Das kann man bemerken, wenn man ausgeht zunächst von dem Tauschhandel. Im Grunde genommen gerade eine solche Betrachtung, wie ich sie jetzt angestellt habe, kann Ihnen ja sagen: Eigentlich ist auch dadurch, dass Geld eingeführt wird in irgendeine Volkswirtschaft, der Tauschhandel nicht vollständig überwunden; denn man tauscht halt einfach Waren gegen Geld. Und gerade dadurch, dass jeder gewinnt, werden wir sehen, dass etwas ganz anderes das Wichtige ist, als dass der eine die Ware, der andere das Geld hat. Dasjenige ist das Wichtigste, was jeder mit dem machen kann, was er bekommt, durch seinen volkswirtschaftlichen Zusammenhang.

...

Ich habe es Ihnen gerade vorhin gezeigt, dass fortwährend gewisse Kräfte entstehen, sowohl beim Käufer wie beim Verkäufer; bei jedem, der mit dem anderen etwas zu tun hat im volkswirtschaftlichen Prozess, gar nicht im  moralischen Sinn, sondern im rein volkswirtschaftlichen Sinn, entsteht Vorteil und Gewinn.
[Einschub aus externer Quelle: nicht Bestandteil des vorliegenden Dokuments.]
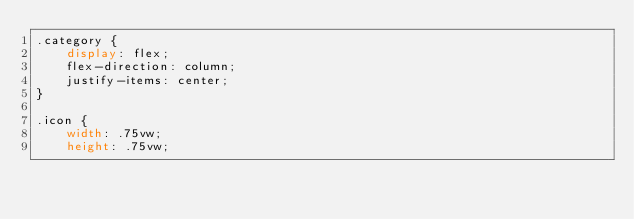Convert code to text. <code><loc_0><loc_0><loc_500><loc_500><_CSS_>.category {
    display: flex;
    flex-direction: column;
    justify-items: center;
}

.icon {
    width: .75vw;
    height: .75vw;</code>

So dass es keine Stelle im volkswirtschaftlichen Prozess gibt, wo nicht von Vorteil und Gewinn gesprochen werden muss. Und dieser Gewinn, der ist nicht etwas bloß Abstraktes; dieser Gewinn, an dem hängt das unmittelbare wirtschaftliche Begehren des Menschen und muss daran hängen. Ob der Betreffende Käufer oder Verkäufer ist, es hängt sein wirtschaftliches Begehren an diesem Gewinn, an diesem Vorteil. Und dieses Hängen an diesem Vorteil ist dasjenige, was eigentlich den ganzen volkswirtschaftlichen Prozess hervorbringt, was die Kraft in ihm ist. Es ist dasjenige, was beim physikalischen Arbeitsprozess die Masse darstellt.« (GA 340 – »Nationalökonomischer Kurs«, Dornach 2002, S. 141-142, 145)

Hinzuzuziehen sind allerdings seine Ausführungen über die unterschiedlichen Formen der Wertschöpfung, deren eine sich aus der Bearbeitung von Naturgegenständen und deren andere sich aus der Organisation von Arbeit ergibt.

Im Interesse seiner steilen These von der »autoritären Herrschaft eines aristokratischen Geisteslebens« im dreigegliederten sozialen Organismus biegt Zander bei jeder passenden und unpassenden Gelegenheit Zitate zurecht.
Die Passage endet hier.